|
Searching for Mr. Sandman: The Common Problem of Insomnia
Recent studies suggest from twenty-five to seventy-five percent of Americans suffer from an occasional bad night of sleep, and at least one in ten have chronic insomnia. According to Preventdisease.com, “…each year seventy million Americans spend approximately $148 million on a variety of remedies to either put them to sleep at night or keep them awake in the day.” So what’s the big deal with losing a few hours sleep? The problem is that it’s an epidemic! Everyone doesn’t suffer from chronic insomnia, but an occasional bout is fairly common. We are too likely to run to the store or to the doctor these days and look for a quick “fix” that rarely cures the underlying problem. Most of the time, some simple adjustments to our lifestyles may help.
Ask yourself these questions: Do I continue to have problems falling asleep? Do I constantly wake up at night? Do I wake up early in the morning and can’t get back to sleep? Do I feel still feel tired in the morning and sluggish throughout the day? Do I worry at bedtime that I’ll be unable to get to sleep?

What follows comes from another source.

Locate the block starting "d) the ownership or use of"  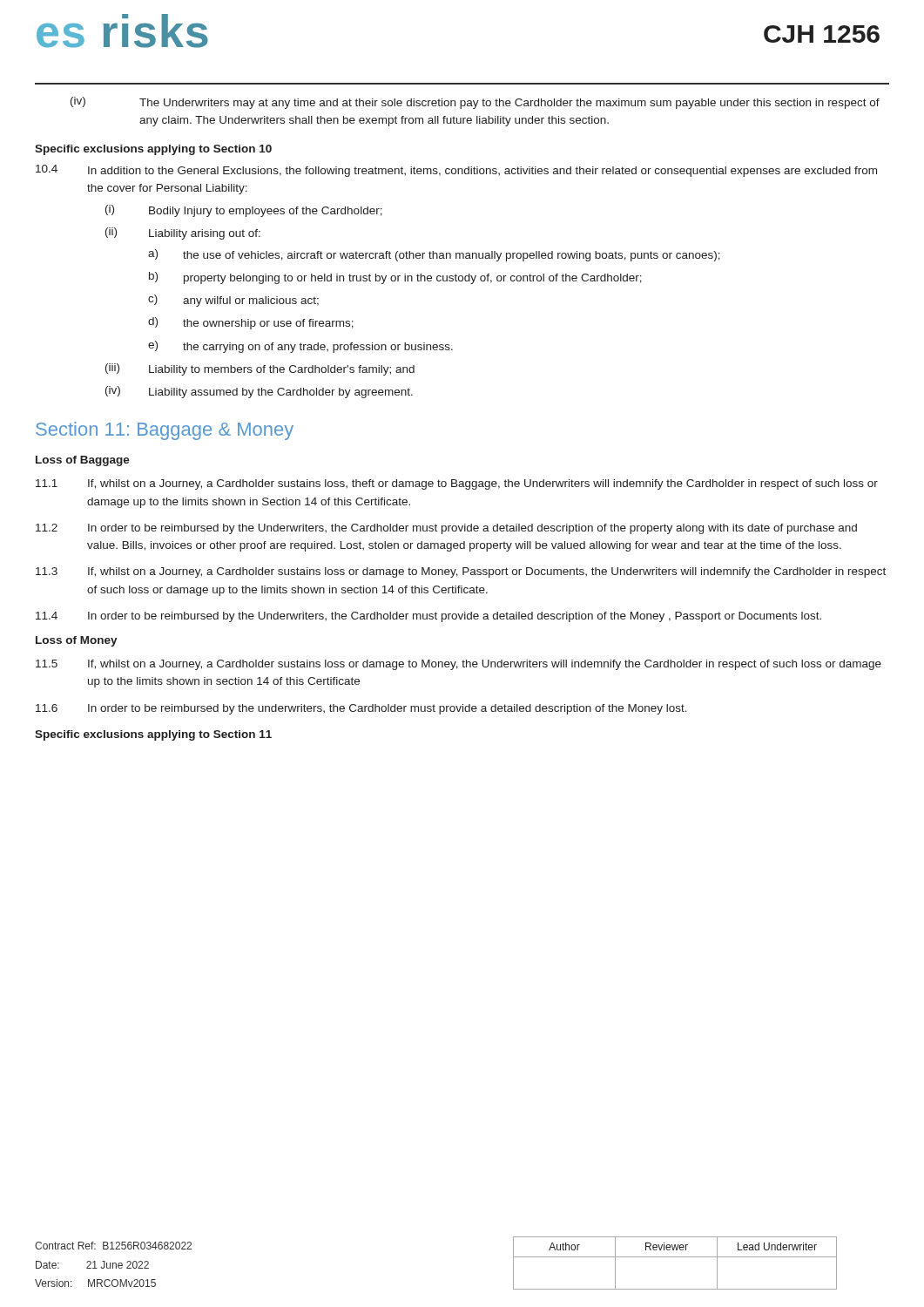pos(251,323)

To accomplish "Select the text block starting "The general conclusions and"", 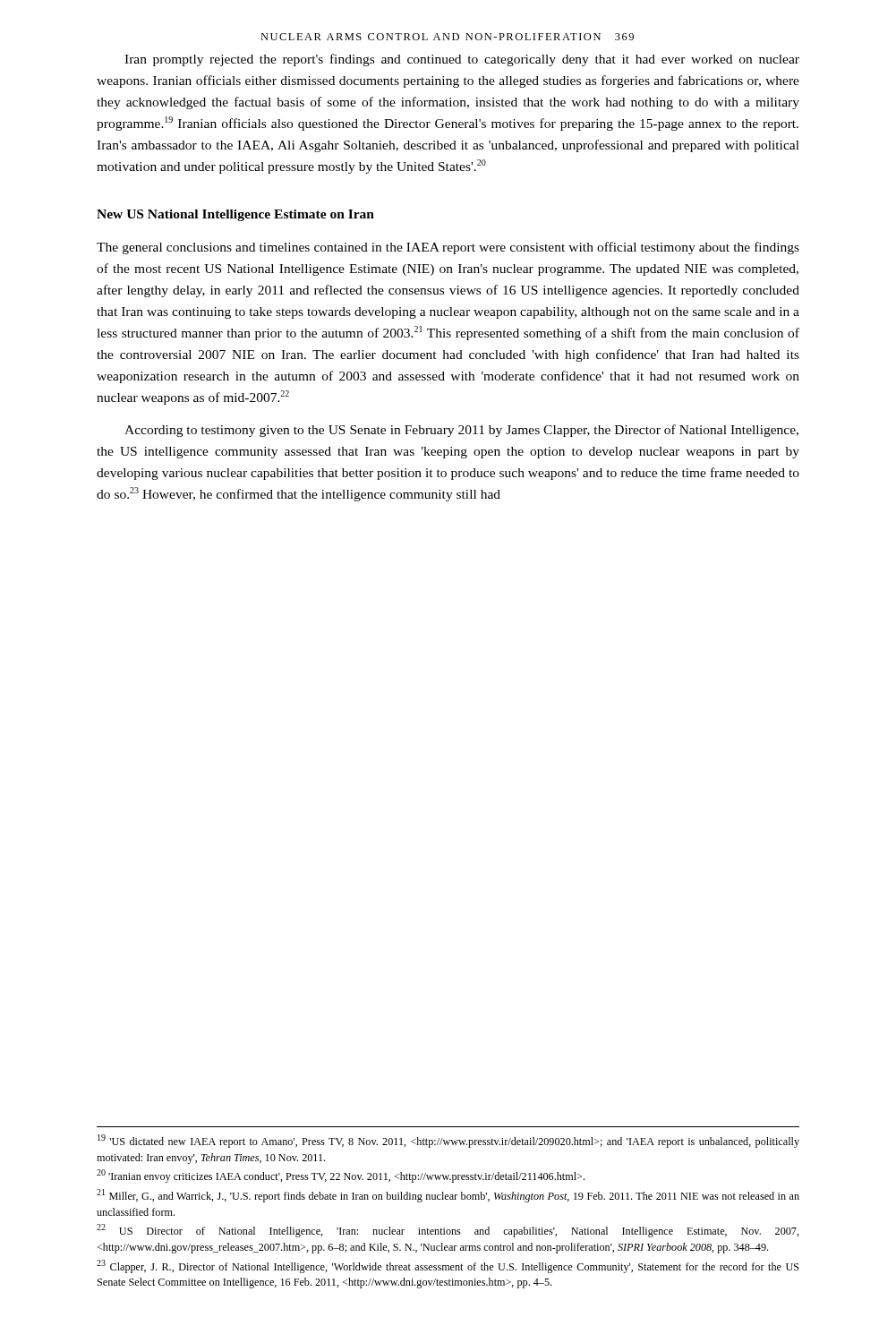I will click(448, 322).

Getting a good night’s sleep is more than just a matter of comfort. Over time, it could lead to impaired concentration, decreases in memory, increased stress, increased accidents, and chronic fatigue. Long-term insomnia could lead to reduced immune system function, and worrying about the occasional lack of sleep could just make matters worse!
Consider making some changes in your daily routines: Be sure you get regular exposure to sunlight. Avoid napping after 2 pm, and don’t go to bed if you’re not sleepy. Keep the same bedtime and getup-time throughout the week. Don’t eat dinner or any heavy snack closer than 2 hours to bedtime, ie., (“Never dine after 9”). Limit alcohol and eliminate tobacco completely. Don’t have an office in your bedroom—use it mainly for sleeping and “fooling around”. Keep the bedroom cool, quiet, and dark. Don’t take your troubles to bed—you can’t solve them while you’re trying to fall asleep.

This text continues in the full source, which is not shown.